What happens to oxygen consumption when freshly isolated mitochondria are incubated with Adenosine Diphosphate (ADP), atractyloside, and pyruvate, and then oxygen is added to the system, given that atractyloside inhibits the Adenine Nucleotide Translocase (ANT)?

From the Research

The correct answer is "A slight, short-term increase in oxygen consumption, followed by no oxygen consumption." Atractyloside inhibits the adenine nucleotide translocase (ANT), which is responsible for exchanging ADP from the cytosol with ATP from the mitochondrial matrix. When atractyloside is present, ADP cannot enter the mitochondrial matrix, preventing it from being phosphorylated to ATP.

Key Points to Consider

• Initially, there might be a slight increase in oxygen consumption as the electron transport chain begins to function with the available substrates (pyruvate) and any ADP already present in the matrix.
• However, this oxygen consumption would quickly cease because without the ability to import more ADP, oxidative phosphorylation cannot continue.
• The proton gradient would initially form but would not be utilized for ATP synthesis due to the lack of ADP substrate, eventually leading to respiratory control where electron transport slows down because the proton gradient cannot be dissipated through ATP synthase, as supported by the principles of oxidative phosphorylation 1.

Mechanism of Action

The mechanism of atractyloside inhibition of ANT is crucial in understanding the impact on oxygen consumption and ATP production.

• The inhibition of ANT by atractyloside prevents the exchange of ADP for ATP across the mitochondrial membrane.
• This prevention of ADP entry into the mitochondria halts the oxidative phosphorylation process, as there is no substrate (ADP) for the electron transport chain to phosphorylate into ATP.

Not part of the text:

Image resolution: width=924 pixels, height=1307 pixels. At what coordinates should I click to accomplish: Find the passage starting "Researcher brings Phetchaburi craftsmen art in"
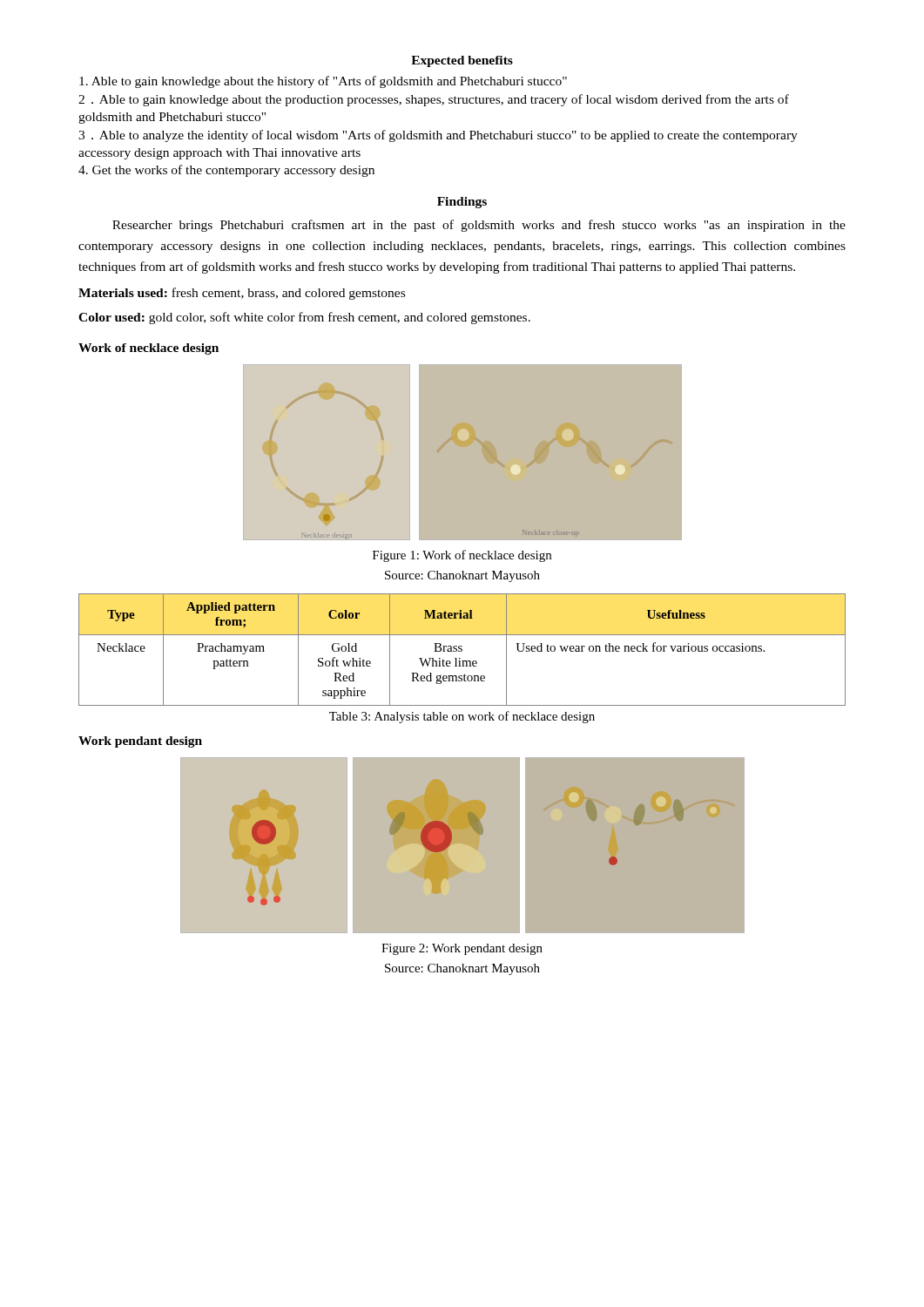pos(462,245)

Implications for Cellular Metabolism

The effects of atractyloside on mitochondrial function have significant implications for cellular metabolism, particularly in the context of energy production and consumption, as discussed in the context of mitochondrial function and disease 2, 3.

• The cessation of oxygen consumption after initial increase indicates the dependence of oxidative phosphorylation on the continuous supply of ADP.
• The role of oxidative phosphorylation in setting and maintaining metabolic homeostasis is critical, and its regulation by the energy state ([ATP]/[ADP][Pi]) is essential for cellular function 1.